Work order. Gather all lines with "besluit" from the records.

(Dataset items)

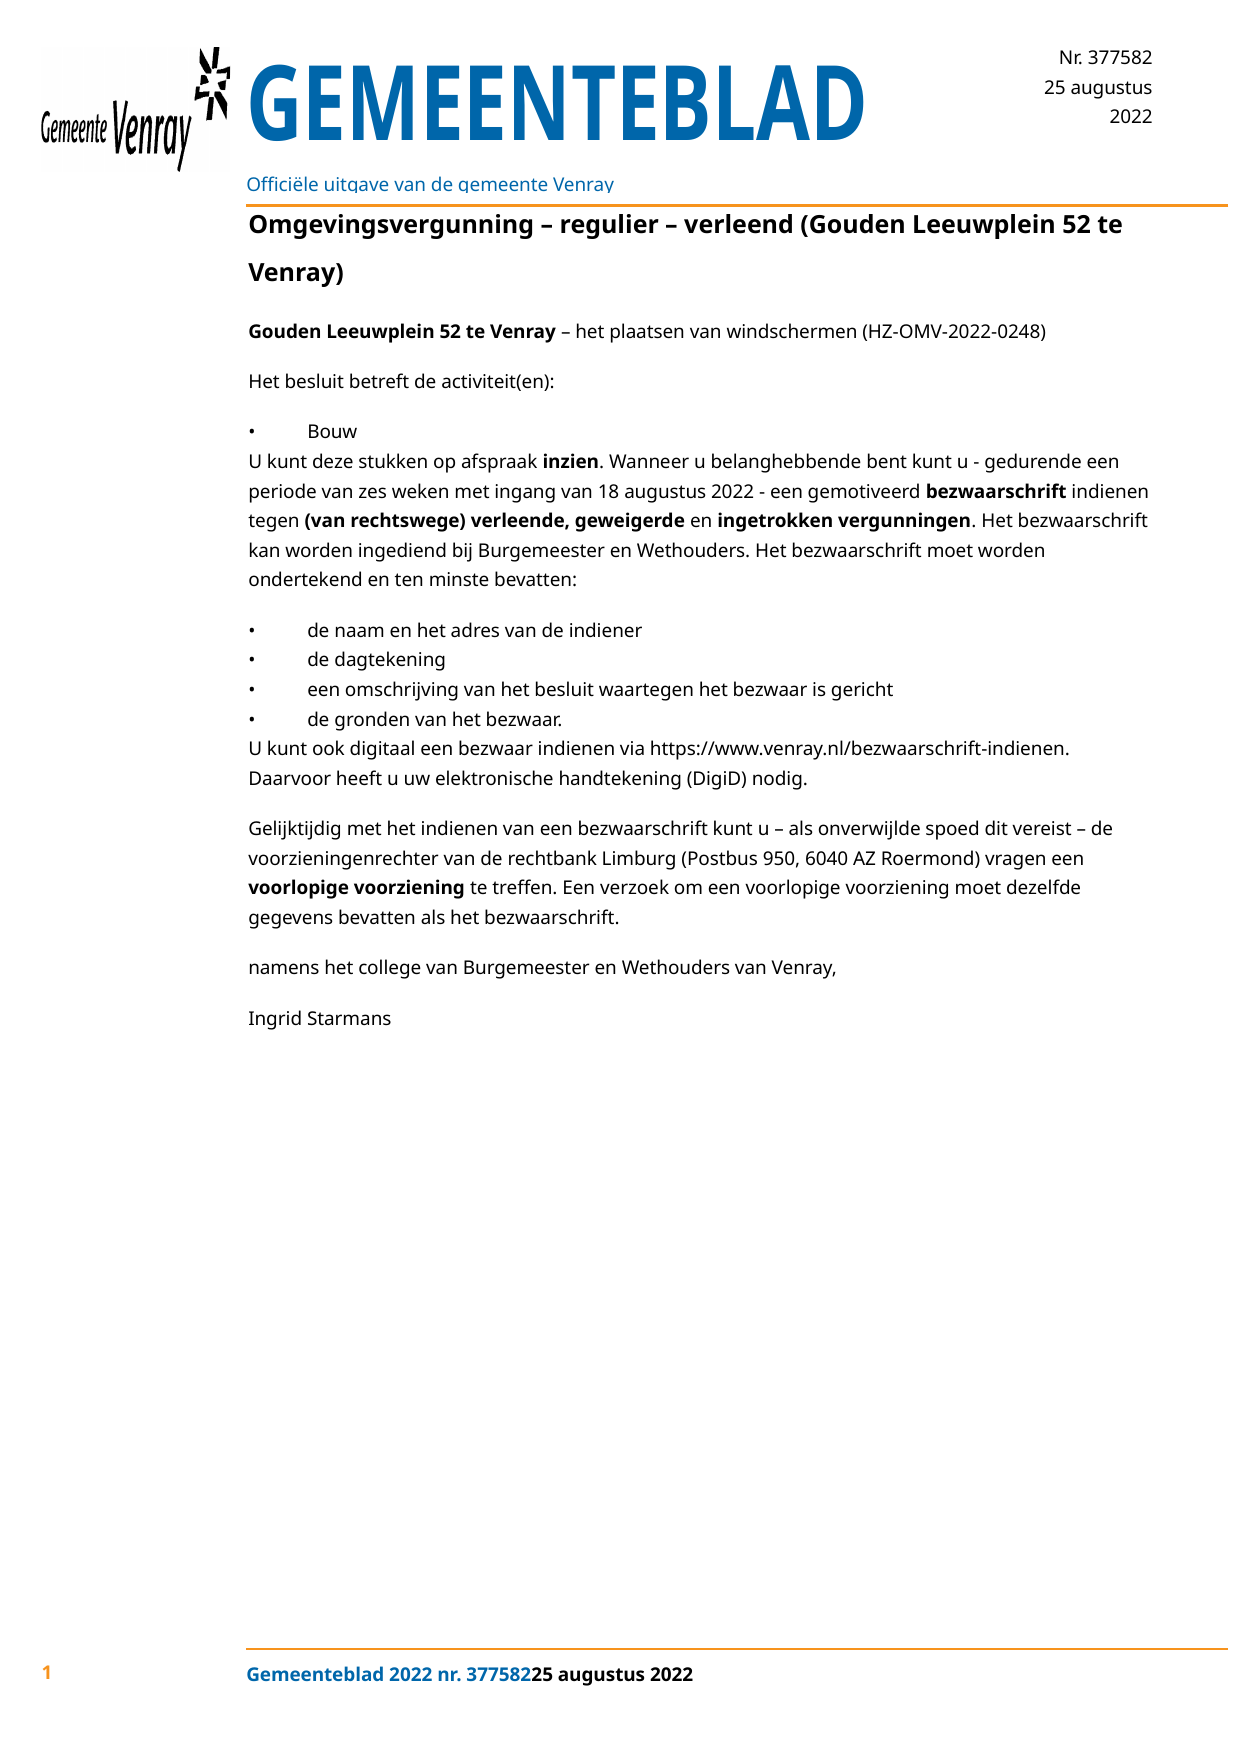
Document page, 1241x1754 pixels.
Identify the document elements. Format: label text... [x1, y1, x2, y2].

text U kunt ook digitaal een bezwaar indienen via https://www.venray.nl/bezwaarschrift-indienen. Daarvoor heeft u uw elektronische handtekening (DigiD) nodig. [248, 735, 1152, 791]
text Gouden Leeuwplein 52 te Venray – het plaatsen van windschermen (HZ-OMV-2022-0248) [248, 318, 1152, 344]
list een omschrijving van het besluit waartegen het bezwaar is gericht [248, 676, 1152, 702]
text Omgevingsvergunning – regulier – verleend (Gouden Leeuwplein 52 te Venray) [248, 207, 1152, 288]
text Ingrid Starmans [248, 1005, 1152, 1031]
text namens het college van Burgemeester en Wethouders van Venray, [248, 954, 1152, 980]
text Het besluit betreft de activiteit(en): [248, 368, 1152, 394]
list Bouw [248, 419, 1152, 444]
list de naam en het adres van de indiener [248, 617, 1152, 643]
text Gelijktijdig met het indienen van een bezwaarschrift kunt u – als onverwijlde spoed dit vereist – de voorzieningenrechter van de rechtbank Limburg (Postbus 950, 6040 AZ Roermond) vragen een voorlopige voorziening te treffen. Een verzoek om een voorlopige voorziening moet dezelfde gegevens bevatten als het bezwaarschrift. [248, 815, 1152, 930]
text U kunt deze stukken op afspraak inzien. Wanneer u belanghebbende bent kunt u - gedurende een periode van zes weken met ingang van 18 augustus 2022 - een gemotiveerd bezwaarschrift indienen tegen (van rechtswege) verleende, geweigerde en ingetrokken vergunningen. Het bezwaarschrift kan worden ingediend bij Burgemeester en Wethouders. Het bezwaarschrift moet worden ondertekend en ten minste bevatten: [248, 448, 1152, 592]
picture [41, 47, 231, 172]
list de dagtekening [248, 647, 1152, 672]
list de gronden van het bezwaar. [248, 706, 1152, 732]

Output of the exercise.
list een omschrijving van het besluit waartegen het bezwaar is gericht [248, 676, 1152, 702]
text Het besluit betreft de activiteit(en): [248, 368, 1152, 394]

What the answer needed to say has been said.